Perhaps the real dichotomy is not judgment vs. learning, but about what is being learned. Academics and researchers typically look to extract global knowledge from an evaluation with the notino that a universal theory is being tested, not a specific program. The "policy sphere" is more interested in local learning - what will work here and now, with what impact at which cost?

Markus Goldstein
September 25, 2012

Derin, I agree. Two quick thoughts: 1) i think the judgment v learning tension matters because it shapes how we *do* the evaluation -- sure learning will always happen, but if the central motivation is up or down on a project, for some kind of organizational decision, it will be different than if the motivation is "let's see if this works and what aspects are important, etc". 2) Your point also leads to the question: who is going to evaluate yet another conditional cash transfer. They might not work everywhere, but someone interested in global knowledge will see that area as one perhaps not deserving her/his attention.

September 25, 2012

Agreed that there is a tendency to lean towards judgment evaluations in the policy sphere.

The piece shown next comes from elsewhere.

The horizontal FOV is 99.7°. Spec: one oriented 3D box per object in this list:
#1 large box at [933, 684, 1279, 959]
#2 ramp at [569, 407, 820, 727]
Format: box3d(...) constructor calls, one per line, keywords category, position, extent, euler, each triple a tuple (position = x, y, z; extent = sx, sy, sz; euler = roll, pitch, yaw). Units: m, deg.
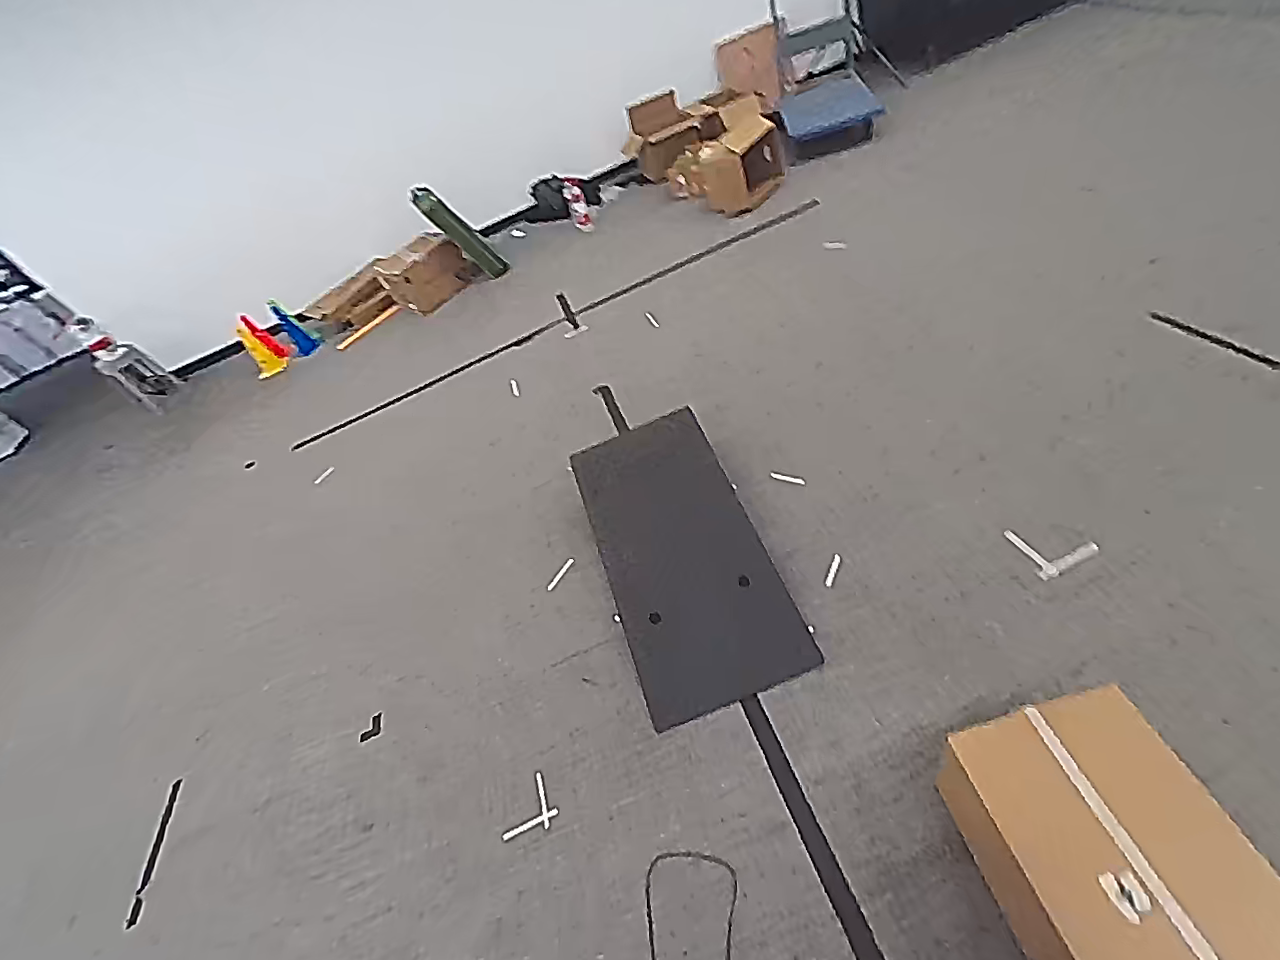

There's also a tendency for learning evaluations to be misinterpreted as judgment evaluations, sometimes to the detriment of the programs they’ve evaluated. Since we know that policymakers make funding decisions on the basis of impact evaluations (whether they are judgment or learning exercises), researchers have a role to play in ensuring the findings of their evaluations are interpretted accurately. It may tweak an evaluator’s pride to say “The evaluation’s low statistical power reduced our ability to measure the program’s impact” instead of “The evaluation was unable to measure the program’s impact” but the reason researchers found no impact is clearer in the first statement than in the second statement. And ultimately, providing clarity is the goal of a learning evaluation.

Bill Savedoff
October 02, 2012

I like the distinction Markus is making between studies aimed at making a judgment from those oriented toward learning. It is similar to the distinction that I've seen between evaluations meant to address accountability in contrast to those meant to generate knowledge. In particular, there's a concern that people will be less willing to collaborate on evaluations aimed at accountability because it is directly assessing whether they are doing their jobs well; compared to evaluations aimed at building knowledge which can treat mistakes and failures as part of a normal learning process. This parallels the outsider/insider point that Markus was making, too.

I think the balance that you're looking for can come from looking at an organization's overall portfolio of evaluations. The work we've done at CGD has regularly argued that rigorous impact evaluations should be done strategically and on a small set of projects, chosen based on the value of the knowledge that can be learned from them. Organizations could tilt in favor of learning for that particular subset of evaluations, and lean in favor of judgment in other studies. This is the approach that USAID took in its new evaluation policy - focusing on learning in a subset of evaluations and setting high standards for those, while conducting a range of studies for other purposes.